Your answer should hold every line of the records below that contains the string "whole".

Recorded data
________________
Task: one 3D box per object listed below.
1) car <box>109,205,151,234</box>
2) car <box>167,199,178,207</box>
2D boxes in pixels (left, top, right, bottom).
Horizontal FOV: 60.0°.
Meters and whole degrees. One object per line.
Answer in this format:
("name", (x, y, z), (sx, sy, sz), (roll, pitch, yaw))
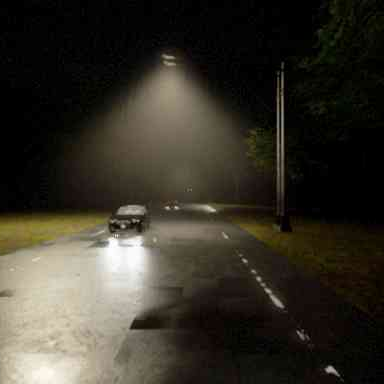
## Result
("car", (-3.600, 1.565, 19.871), (2.128, 1.511, 4.902), (0, 0, 0))
("car", (-3.542, 1.965, 60.967), (1.882, 1.535, 5.008), (0, -1, 1))
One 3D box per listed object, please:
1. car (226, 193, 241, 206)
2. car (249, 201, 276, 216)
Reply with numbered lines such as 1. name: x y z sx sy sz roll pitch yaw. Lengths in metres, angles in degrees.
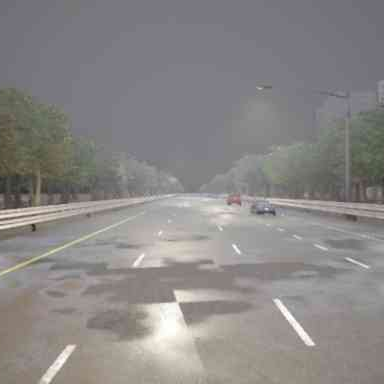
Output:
1. car: 7.018 1.271 56.502 2.150 2.045 5.566 0 0 0
2. car: 6.997 1.573 33.194 1.994 1.385 4.181 0 0 0
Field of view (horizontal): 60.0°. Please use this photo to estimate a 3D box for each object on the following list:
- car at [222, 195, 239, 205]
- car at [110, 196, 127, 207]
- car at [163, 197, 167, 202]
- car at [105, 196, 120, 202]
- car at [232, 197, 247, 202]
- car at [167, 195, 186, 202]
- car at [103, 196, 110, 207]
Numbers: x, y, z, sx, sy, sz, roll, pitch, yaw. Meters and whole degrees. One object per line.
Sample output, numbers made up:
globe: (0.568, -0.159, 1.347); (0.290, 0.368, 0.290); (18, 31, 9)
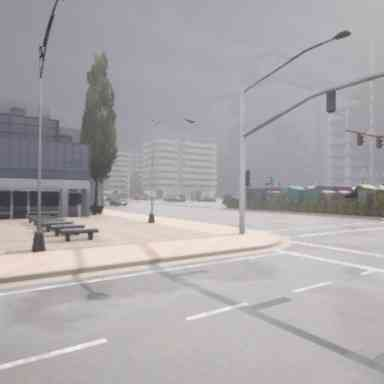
________________
→ **RESPONSE BOX**:
Meters and whole degrees. One object per line.
Numbers: x, y, z, sx, sy, sz, roll, pitch, yaw. Meters and whole degrees. One object per line.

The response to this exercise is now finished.